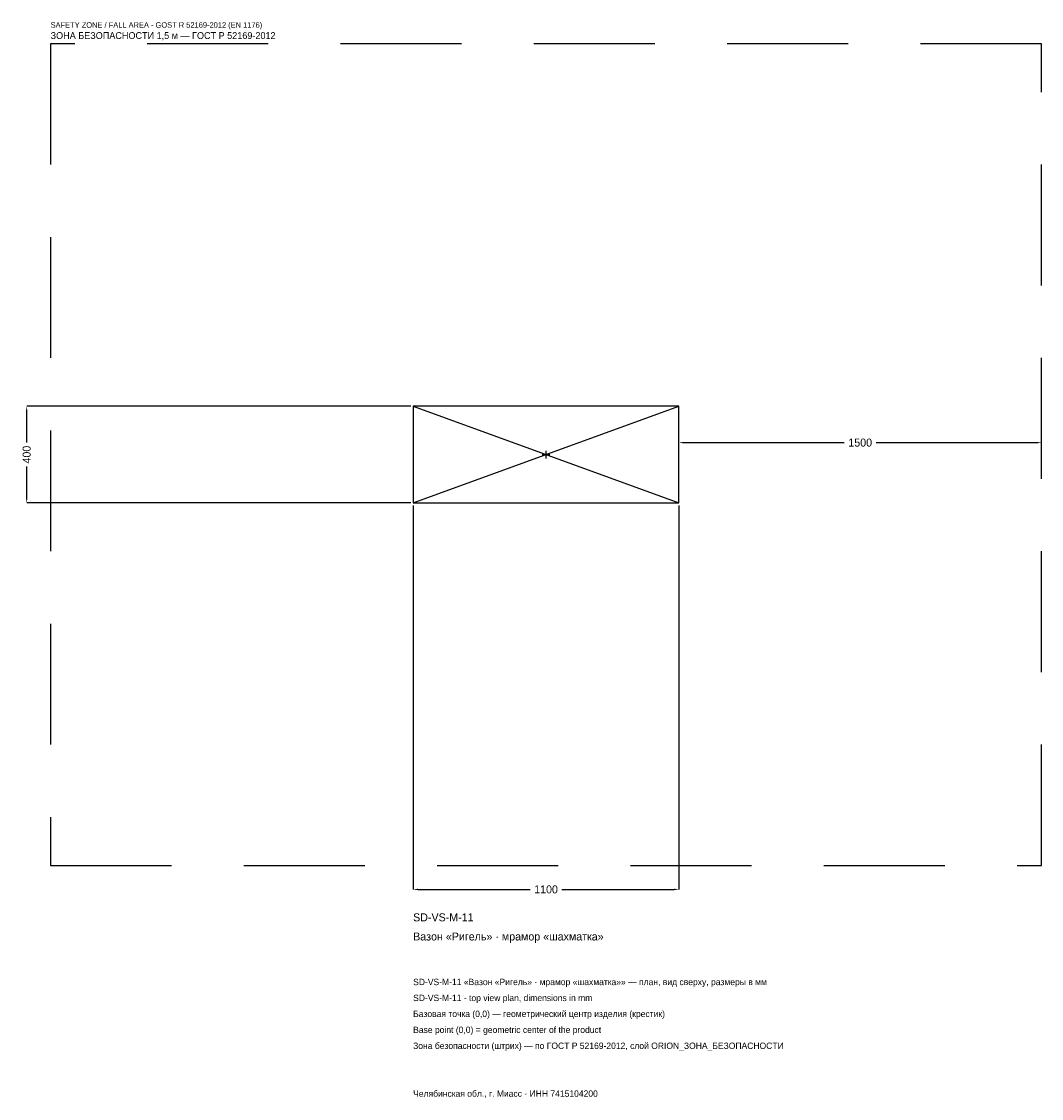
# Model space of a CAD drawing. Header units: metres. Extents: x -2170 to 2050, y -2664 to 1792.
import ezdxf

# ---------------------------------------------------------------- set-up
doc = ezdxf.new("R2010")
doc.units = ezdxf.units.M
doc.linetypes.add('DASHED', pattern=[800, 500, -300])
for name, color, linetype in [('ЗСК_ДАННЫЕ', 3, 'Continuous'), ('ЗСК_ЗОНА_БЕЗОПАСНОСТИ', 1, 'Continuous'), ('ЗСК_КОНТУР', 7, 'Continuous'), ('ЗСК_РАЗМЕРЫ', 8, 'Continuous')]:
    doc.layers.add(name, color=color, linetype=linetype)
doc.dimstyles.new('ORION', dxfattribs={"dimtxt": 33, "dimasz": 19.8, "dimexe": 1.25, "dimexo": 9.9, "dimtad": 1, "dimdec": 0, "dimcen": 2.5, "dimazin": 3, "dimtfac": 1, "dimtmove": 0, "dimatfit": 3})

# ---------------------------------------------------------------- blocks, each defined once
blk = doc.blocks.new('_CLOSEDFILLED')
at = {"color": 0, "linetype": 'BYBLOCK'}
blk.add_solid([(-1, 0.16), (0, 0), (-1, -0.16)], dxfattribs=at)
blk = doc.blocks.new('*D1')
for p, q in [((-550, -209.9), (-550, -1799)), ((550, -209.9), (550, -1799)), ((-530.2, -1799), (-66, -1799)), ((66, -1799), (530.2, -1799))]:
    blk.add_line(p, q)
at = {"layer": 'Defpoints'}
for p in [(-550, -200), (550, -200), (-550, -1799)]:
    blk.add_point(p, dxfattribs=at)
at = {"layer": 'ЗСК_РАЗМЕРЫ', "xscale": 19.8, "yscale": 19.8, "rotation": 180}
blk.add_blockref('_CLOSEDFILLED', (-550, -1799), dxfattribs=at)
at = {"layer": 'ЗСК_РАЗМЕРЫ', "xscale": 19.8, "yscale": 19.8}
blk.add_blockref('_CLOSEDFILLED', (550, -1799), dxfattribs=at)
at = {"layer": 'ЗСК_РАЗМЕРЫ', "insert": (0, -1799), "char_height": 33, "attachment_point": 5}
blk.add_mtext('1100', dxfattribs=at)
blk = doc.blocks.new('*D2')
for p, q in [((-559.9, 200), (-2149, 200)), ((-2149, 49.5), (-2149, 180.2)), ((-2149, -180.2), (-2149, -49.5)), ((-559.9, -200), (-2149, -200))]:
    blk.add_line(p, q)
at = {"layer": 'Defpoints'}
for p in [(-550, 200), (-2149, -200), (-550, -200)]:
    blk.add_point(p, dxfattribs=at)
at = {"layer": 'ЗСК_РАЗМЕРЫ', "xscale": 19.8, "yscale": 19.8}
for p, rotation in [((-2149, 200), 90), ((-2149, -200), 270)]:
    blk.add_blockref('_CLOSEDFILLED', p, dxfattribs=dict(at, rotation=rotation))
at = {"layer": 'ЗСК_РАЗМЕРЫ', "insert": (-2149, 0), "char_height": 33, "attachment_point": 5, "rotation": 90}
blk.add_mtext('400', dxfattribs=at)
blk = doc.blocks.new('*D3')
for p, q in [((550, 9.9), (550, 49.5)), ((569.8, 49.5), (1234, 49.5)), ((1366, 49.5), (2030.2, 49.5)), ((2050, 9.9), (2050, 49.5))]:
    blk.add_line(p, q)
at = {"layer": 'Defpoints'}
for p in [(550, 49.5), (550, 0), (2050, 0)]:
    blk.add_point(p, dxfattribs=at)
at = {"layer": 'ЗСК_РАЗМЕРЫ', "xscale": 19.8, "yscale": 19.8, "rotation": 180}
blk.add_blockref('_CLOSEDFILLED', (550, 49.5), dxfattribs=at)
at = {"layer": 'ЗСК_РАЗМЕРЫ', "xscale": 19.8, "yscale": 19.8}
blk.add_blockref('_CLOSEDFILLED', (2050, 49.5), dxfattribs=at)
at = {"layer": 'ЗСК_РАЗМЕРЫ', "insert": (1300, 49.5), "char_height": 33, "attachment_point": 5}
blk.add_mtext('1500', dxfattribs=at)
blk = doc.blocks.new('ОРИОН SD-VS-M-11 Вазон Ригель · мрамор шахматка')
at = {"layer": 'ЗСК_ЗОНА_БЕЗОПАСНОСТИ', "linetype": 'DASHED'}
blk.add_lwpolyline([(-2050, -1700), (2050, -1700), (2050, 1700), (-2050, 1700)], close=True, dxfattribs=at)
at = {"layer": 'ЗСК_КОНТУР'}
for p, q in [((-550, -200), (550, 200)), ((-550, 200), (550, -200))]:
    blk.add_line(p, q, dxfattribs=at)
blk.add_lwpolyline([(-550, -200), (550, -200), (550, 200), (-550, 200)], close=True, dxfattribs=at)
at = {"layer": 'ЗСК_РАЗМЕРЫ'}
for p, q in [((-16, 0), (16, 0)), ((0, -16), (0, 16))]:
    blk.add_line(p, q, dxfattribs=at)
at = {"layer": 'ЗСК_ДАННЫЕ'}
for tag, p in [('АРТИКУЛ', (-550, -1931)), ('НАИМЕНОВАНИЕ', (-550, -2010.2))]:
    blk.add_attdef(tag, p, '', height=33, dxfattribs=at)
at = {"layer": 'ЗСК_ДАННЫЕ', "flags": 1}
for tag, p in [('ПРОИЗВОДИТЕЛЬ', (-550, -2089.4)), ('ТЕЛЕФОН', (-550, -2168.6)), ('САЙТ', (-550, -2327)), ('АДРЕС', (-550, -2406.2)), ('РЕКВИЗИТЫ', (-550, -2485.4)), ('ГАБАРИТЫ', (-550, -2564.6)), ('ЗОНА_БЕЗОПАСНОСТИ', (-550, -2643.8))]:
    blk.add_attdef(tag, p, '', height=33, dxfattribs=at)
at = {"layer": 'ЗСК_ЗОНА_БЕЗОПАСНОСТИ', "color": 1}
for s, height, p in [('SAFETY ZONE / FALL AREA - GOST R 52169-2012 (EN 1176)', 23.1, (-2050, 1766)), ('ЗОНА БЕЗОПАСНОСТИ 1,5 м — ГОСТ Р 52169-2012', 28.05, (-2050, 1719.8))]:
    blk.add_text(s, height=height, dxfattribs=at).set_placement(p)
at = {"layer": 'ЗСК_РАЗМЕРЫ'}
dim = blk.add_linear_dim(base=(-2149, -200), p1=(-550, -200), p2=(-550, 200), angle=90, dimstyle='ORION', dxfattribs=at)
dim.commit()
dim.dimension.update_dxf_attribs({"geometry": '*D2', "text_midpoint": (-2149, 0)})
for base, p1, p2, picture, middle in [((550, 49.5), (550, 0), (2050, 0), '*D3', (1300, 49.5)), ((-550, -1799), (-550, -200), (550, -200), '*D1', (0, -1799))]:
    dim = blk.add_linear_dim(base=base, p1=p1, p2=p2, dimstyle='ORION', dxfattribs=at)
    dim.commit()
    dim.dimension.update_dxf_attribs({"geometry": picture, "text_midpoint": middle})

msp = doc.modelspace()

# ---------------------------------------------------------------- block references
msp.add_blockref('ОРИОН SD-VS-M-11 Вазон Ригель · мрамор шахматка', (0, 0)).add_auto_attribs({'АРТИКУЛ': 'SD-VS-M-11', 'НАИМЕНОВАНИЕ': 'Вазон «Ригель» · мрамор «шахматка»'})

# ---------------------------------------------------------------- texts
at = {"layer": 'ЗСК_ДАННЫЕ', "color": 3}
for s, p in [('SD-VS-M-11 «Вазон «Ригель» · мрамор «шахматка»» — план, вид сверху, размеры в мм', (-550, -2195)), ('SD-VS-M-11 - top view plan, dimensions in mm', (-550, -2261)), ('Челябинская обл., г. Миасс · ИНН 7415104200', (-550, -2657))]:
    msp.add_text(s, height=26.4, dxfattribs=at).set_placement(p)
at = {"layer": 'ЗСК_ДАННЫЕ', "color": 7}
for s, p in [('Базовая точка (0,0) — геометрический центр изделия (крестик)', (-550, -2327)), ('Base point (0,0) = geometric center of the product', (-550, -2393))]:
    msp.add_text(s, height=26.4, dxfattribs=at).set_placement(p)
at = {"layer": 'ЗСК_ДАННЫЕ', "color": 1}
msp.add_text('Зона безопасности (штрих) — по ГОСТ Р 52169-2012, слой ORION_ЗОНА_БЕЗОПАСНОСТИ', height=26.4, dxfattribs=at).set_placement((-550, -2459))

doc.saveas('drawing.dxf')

> _Problem details_:
Across the listing, tally every line that includes the word "geometry" and supply the total alone.

> _Result_:
2